### Excerpted records ###

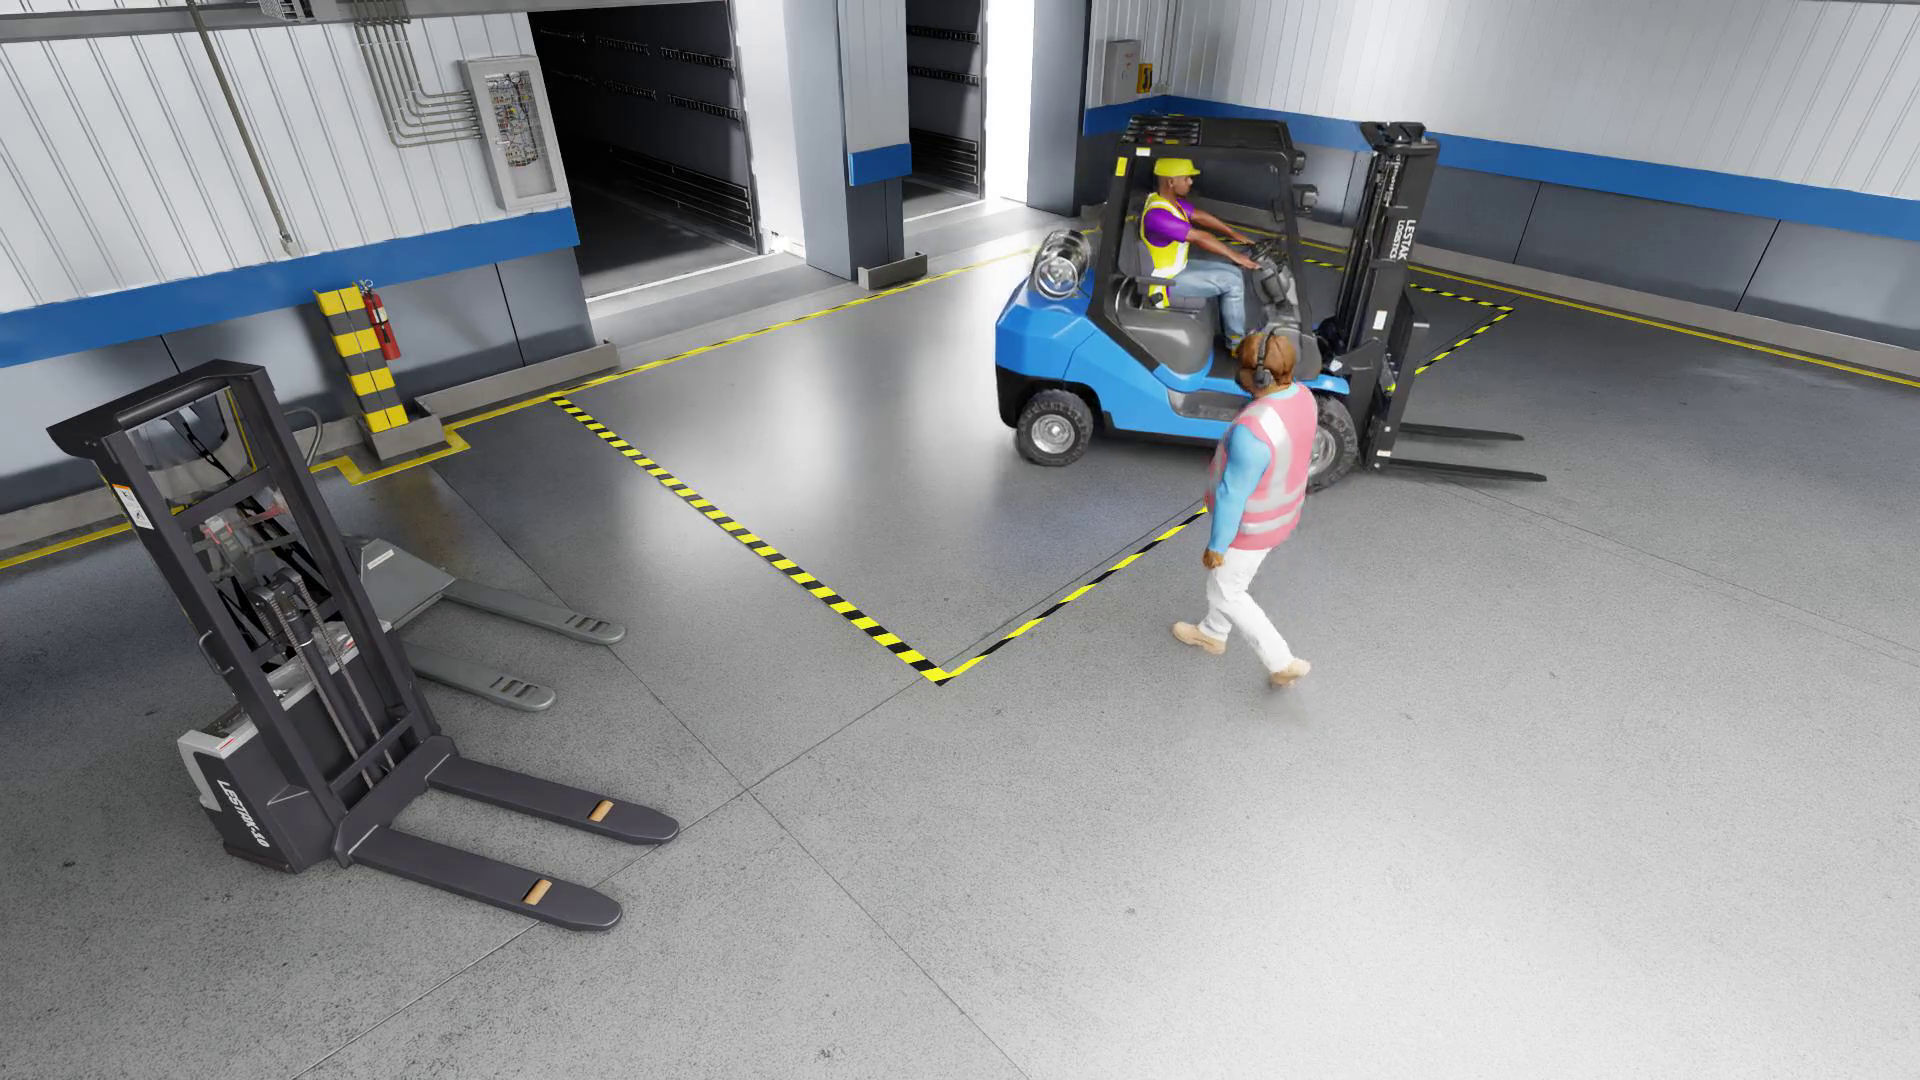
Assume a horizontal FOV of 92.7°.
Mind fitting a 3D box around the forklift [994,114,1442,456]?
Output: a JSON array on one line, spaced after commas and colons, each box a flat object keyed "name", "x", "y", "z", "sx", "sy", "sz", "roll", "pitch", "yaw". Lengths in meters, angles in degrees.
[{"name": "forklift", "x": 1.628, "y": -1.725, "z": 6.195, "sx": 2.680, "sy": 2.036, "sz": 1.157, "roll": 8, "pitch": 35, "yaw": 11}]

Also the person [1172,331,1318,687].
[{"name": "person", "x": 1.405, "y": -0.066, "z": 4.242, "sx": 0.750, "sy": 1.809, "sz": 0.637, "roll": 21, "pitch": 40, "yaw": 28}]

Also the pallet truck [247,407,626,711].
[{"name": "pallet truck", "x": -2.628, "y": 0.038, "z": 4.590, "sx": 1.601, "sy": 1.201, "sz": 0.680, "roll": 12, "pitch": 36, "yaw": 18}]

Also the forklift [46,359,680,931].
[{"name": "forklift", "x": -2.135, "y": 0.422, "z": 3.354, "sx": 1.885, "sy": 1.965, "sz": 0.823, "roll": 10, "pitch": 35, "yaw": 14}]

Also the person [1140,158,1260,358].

###

Problem: Find "Also the person [1172,331,1318,687]." in the material above; set down exactly the line holding it and every line after it, through the last, and no others.

Answer:
Also the person [1172,331,1318,687].
[{"name": "person", "x": 1.405, "y": -0.066, "z": 4.242, "sx": 0.750, "sy": 1.809, "sz": 0.637, "roll": 21, "pitch": 40, "yaw": 28}]

Also the pallet truck [247,407,626,711].
[{"name": "pallet truck", "x": -2.628, "y": 0.038, "z": 4.590, "sx": 1.601, "sy": 1.201, "sz": 0.680, "roll": 12, "pitch": 36, "yaw": 18}]

Also the forklift [46,359,680,931].
[{"name": "forklift", "x": -2.135, "y": 0.422, "z": 3.354, "sx": 1.885, "sy": 1.965, "sz": 0.823, "roll": 10, "pitch": 35, "yaw": 14}]

Also the person [1140,158,1260,358].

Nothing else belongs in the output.